[Records from a collection]
━━━━━━━━━━━━━━━━━━━━━━━━━━━━━━

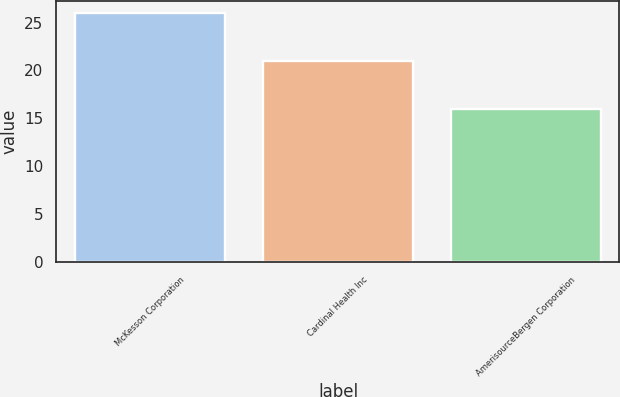Convert chart to OTSL. <chart><loc_0><loc_0><loc_500><loc_500><bar_chart><fcel>McKesson Corporation<fcel>Cardinal Health Inc<fcel>AmerisourceBergen Corporation<nl><fcel>26<fcel>21<fcel>16<nl></chart> 
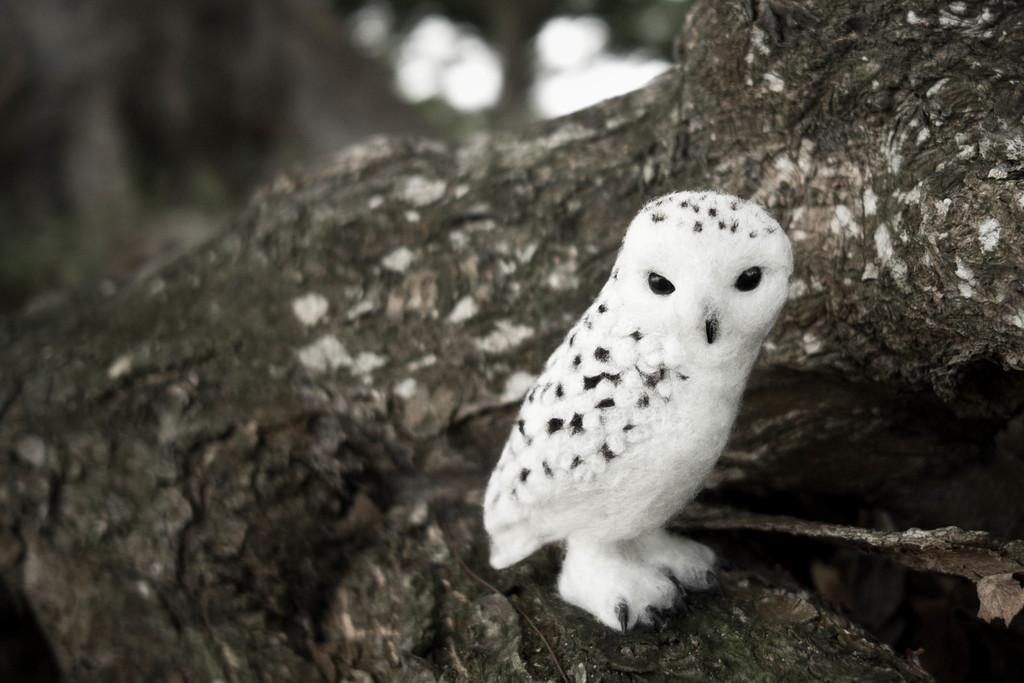What animal can be seen in the image? There is an owl in the image. Where is the owl located? The owl is standing on a tree branch. What is the nature of the blurry image at the top of the image? Unfortunately, the details of the blurry image cannot be determined from the provided facts. What type of birth apparatus is visible in the image? There is no birth apparatus present in the image; it features an owl standing on a tree branch. 
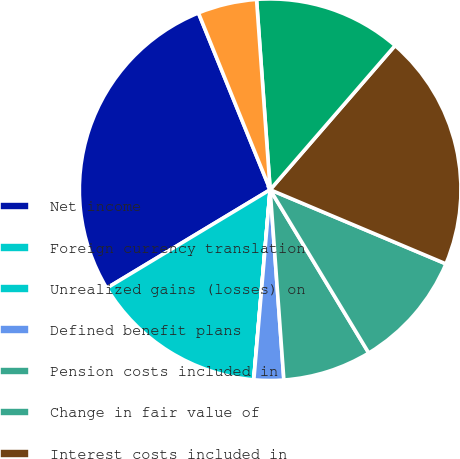Convert chart to OTSL. <chart><loc_0><loc_0><loc_500><loc_500><pie_chart><fcel>Net income<fcel>Foreign currency translation<fcel>Unrealized gains (losses) on<fcel>Defined benefit plans<fcel>Pension costs included in<fcel>Change in fair value of<fcel>Interest costs included in<fcel>Other comprehensive income<fcel>Income taxes (benefits)<nl><fcel>27.49%<fcel>15.0%<fcel>0.01%<fcel>2.51%<fcel>7.5%<fcel>10.0%<fcel>19.99%<fcel>12.5%<fcel>5.0%<nl></chart> 
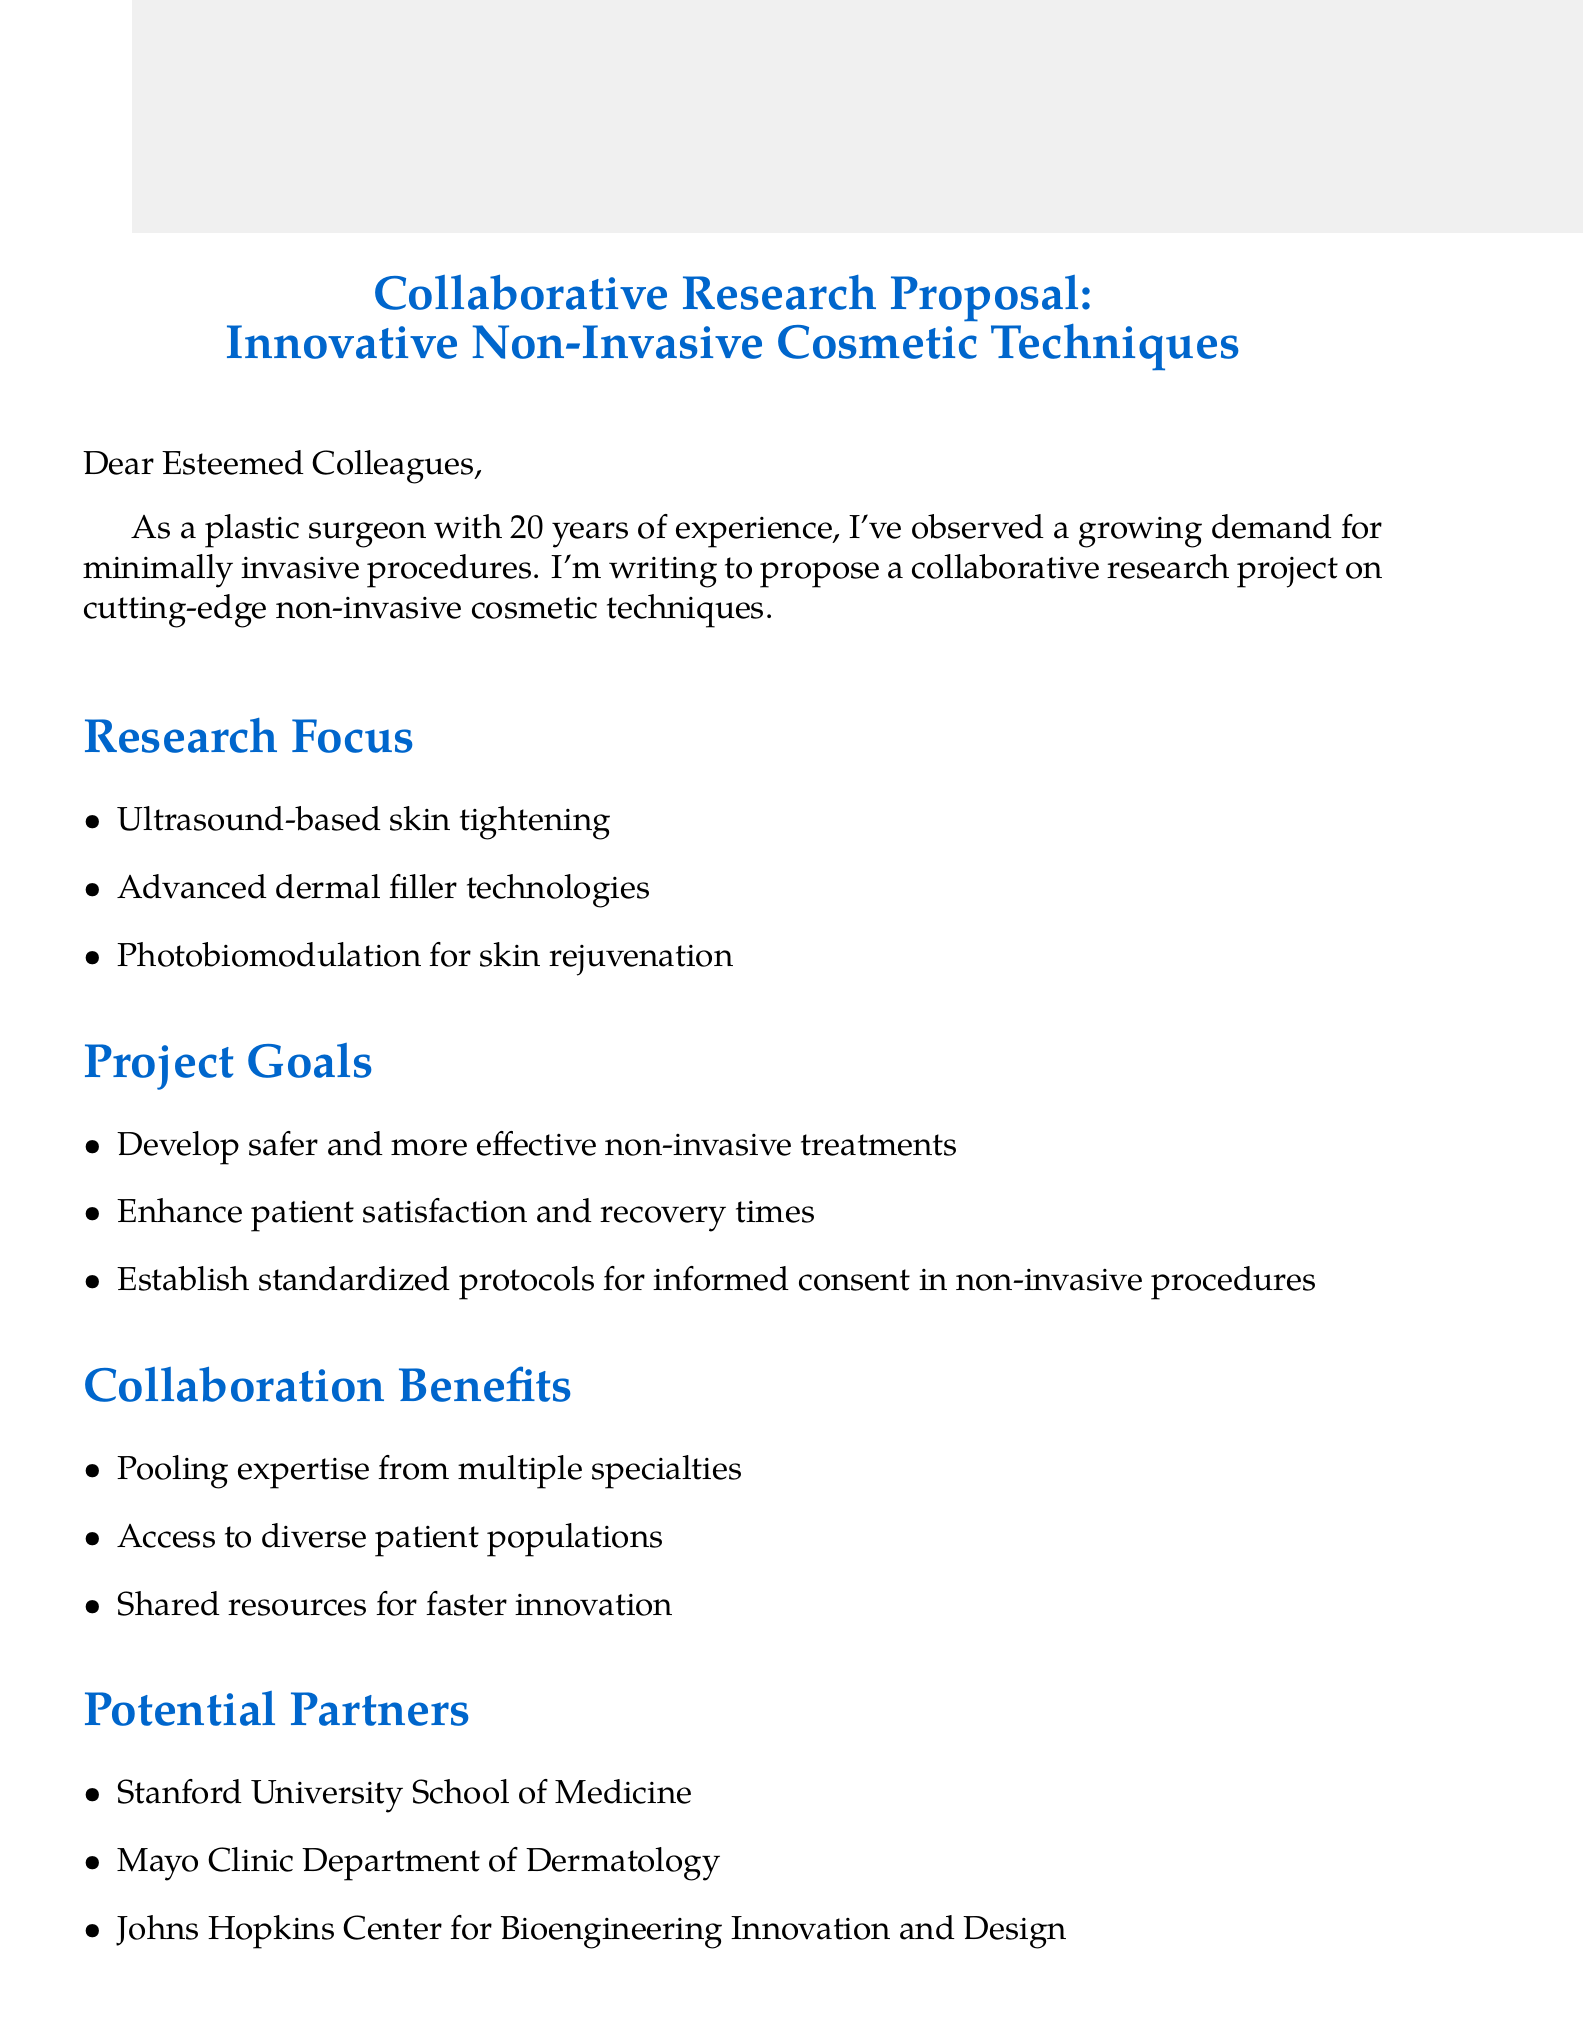What is the main purpose of the email? The main purpose stated in the email is to propose a collaborative research project on cutting-edge non-invasive cosmetic techniques.
Answer: Propose a collaborative research project How many years of experience does the author have? The author mentions having 20 years of experience as a plastic surgeon in the email.
Answer: 20 years Which project goal focuses on patient satisfaction? Enhancing patient satisfaction and recovery times is one of the project goals mentioned in the email.
Answer: Enhance patient satisfaction and recovery times What is one of the potential partners listed? The email lists Stanford University School of Medicine as one of the potential partners.
Answer: Stanford University School of Medicine By what date should interested parties respond? The email specifies that responses regarding interest and suggestions should be received by August 15, 2023.
Answer: August 15, 2023 What are the funding opportunities mentioned? The funding opportunities presented include the NIH R01 Research Project Grant and the ASPS Pilot Research Grant.
Answer: NIH R01 Research Project Grant, ASPS Pilot Research Grant What is the duration of the proposed project? The email indicates that the duration of the proposed project is 3 years.
Answer: 3 years What innovative technique is included in the research focus? One of the innovative techniques outlined in the research focus is ultrasound-based skin tightening.
Answer: Ultrasound-based skin tightening What is the closing statement of the email? The closing statement expresses the author's eagerness to advance the field of non-invasive cosmetic techniques together.
Answer: Looking forward to advancing the field of non-invasive cosmetic techniques together

━━━━━━━━━━━━━━━━━━━━━━━━━━━━━━

▶ [TRY IT]:
Drop the pictures; return the lines above from the line containing "income<fcel>Foreign currency translation<fcel>Unrealized" to the line containing "Answer: Stanford University", both included, exactly.

▶ [THE ANSWER]:
Convert chart to OTSL. <chart><loc_0><loc_0><loc_500><loc_500><pie_chart><fcel>Net income<fcel>Foreign currency translation<fcel>Unrealized gains (losses) on<fcel>Defined benefit plans<fcel>Pension costs included in<fcel>Change in fair value of<fcel>Interest costs included in<fcel>Other comprehensive income<fcel>Income taxes (benefits)<nl><fcel>27.49%<fcel>15.0%<fcel>0.01%<fcel>2.51%<fcel>7.5%<fcel>10.0%<fcel>19.99%<fcel>12.5%<fcel>5.0%<nl></chart> 
What is the main purpose of the email? The main purpose stated in the email is to propose a collaborative research project on cutting-edge non-invasive cosmetic techniques.
Answer: Propose a collaborative research project How many years of experience does the author have? The author mentions having 20 years of experience as a plastic surgeon in the email.
Answer: 20 years Which project goal focuses on patient satisfaction? Enhancing patient satisfaction and recovery times is one of the project goals mentioned in the email.
Answer: Enhance patient satisfaction and recovery times What is one of the potential partners listed? The email lists Stanford University School of Medicine as one of the potential partners.
Answer: Stanford University School of Medicine By what date should interested parties respond? The email specifies that responses regarding interest and suggestions should be received by August 15, 2023.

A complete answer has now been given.